Reproduzido do Estado de S.Paulo, 24/9/2012

O governo da presidente argentina, Cristina Kirchner, lançou no fim de semana a mais dura advertência pública e direta ao Grupo Clarín – que edita o jornal de mesmo nome –, estabelecendo o prazo para pôr em vigência uma draconiana lei de mídia, aprovada em 2009, que proíbe empresas de mídia de manterem mais de uma emissora de TV na mesma praça.

Num inusitado anúncio de mais de quatro minutos levado ao ar durante a transmissão dos jogos de futebol deste fim de semana, o governo argentino fixou a data de 7 de dezembro como limite para a execução das medidas, que forçaria o Clarín a se desfazer da maior parte dos 240 canais a cabo, 4 abertos e 10 emissoras de rádio de sua rede. Na mensagem, o Grupo Clarín é qualificado de “uma verdadeira cadeia nacional ilegal”.

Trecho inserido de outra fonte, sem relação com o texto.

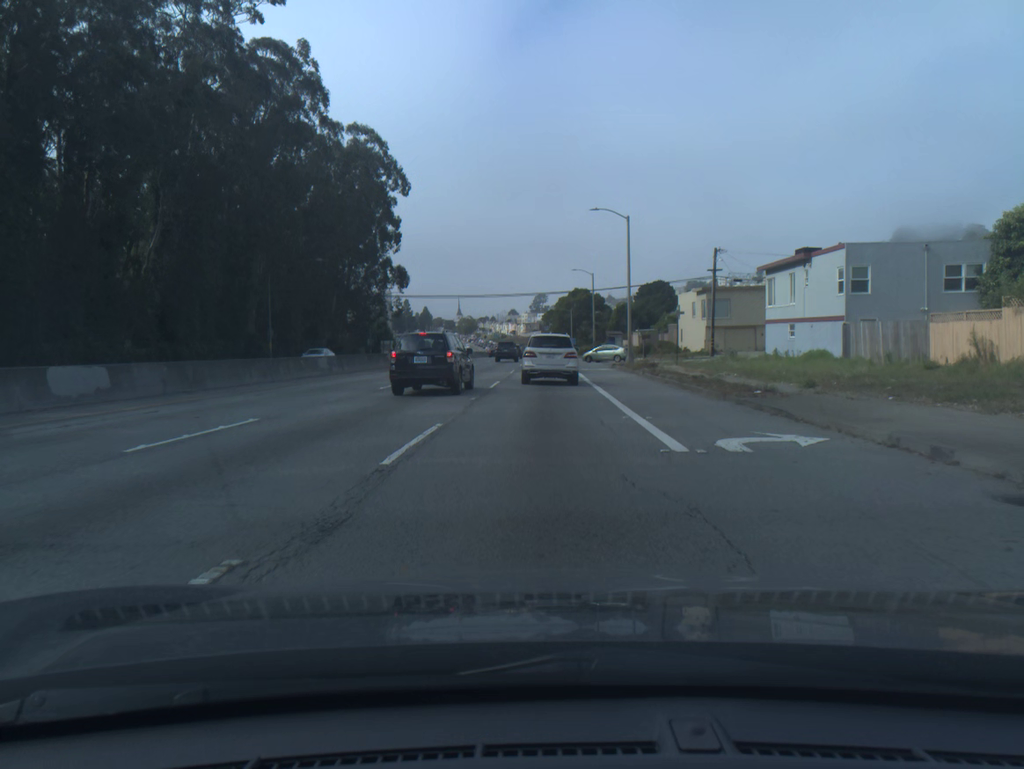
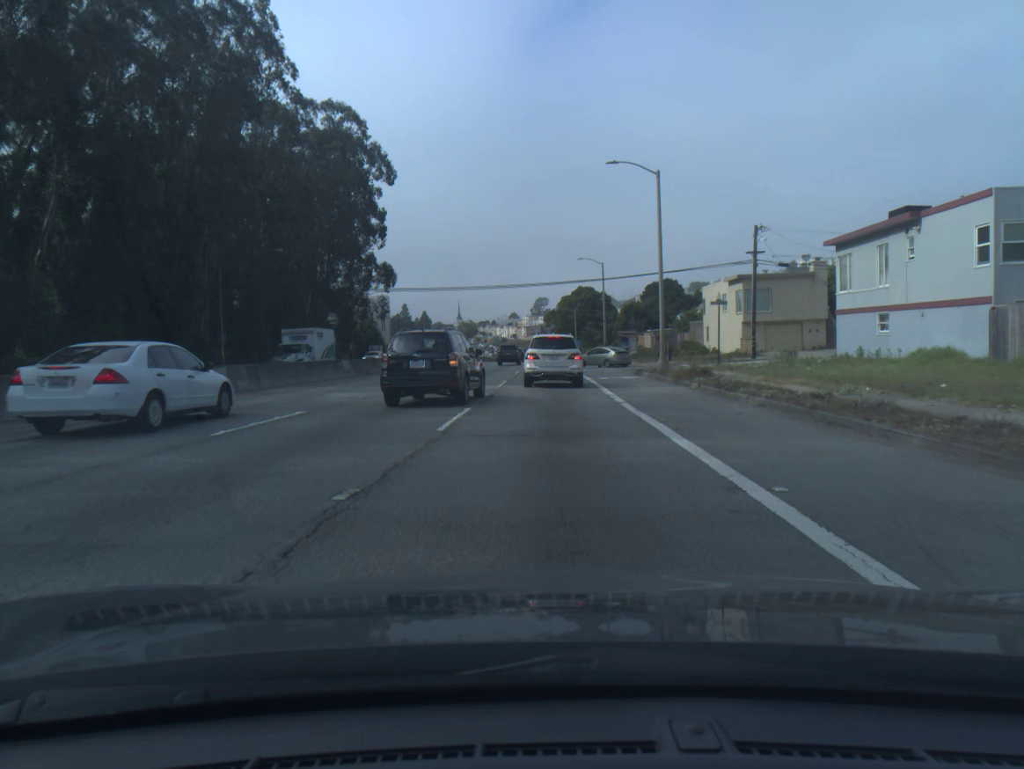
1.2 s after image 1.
(0.0, +12.6) m; 0°
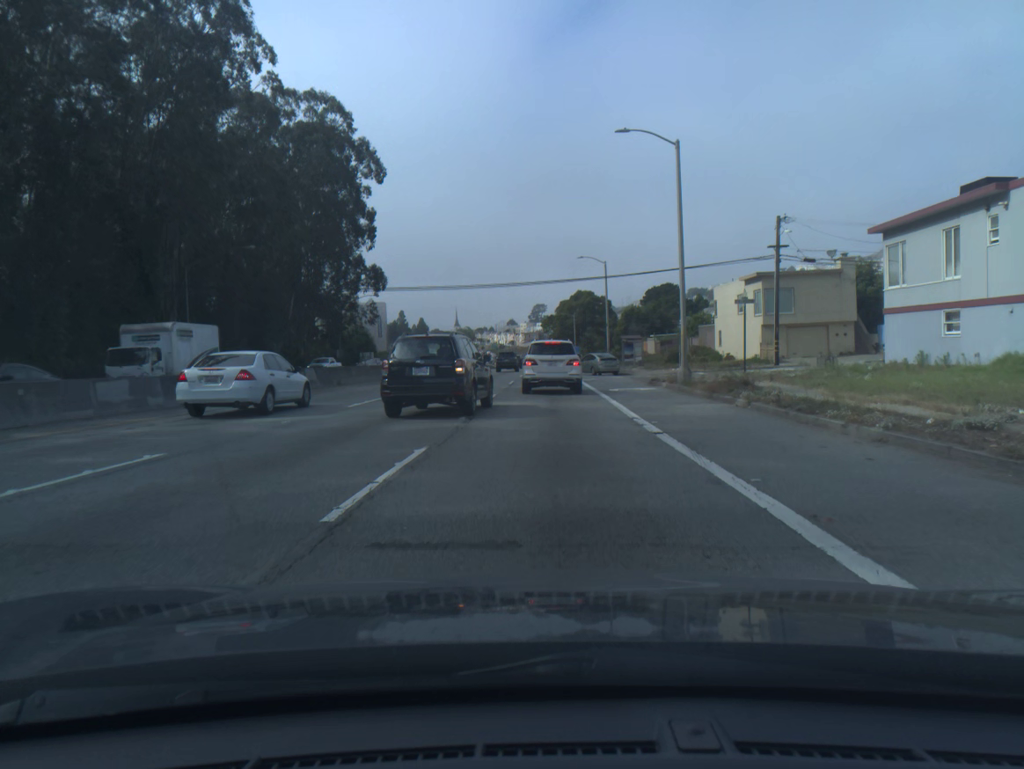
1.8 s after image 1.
(0.0, +6.1) m; 0°

Segundo o governo, nessa data expira uma medida cautelar impetrada pela empresa contestando a nova legislação. “O Estado argentino não vai expropriar meios de comunicação. O Estado argentino não vai estatizar meios de comunicação. O Estado argentino vai garantir as fontes de trabalho e o cumprimento de uma lei que democratiza os meios de comunicação na República Argentina”, dizia a mensagem na TV.

Total de emissoras deve ser dividido em três

Desde o início da queda de braço com o governo, o Clarín teve cancelados contratos de publicidade oficial, sofreu várias devassas fiscais, teve caminhões bloqueados por piquetes pró-governo que impediram o jornal de circular e viu o Estado assumir – por força de lei – o monopólio da distribuição de papel-jornal no país.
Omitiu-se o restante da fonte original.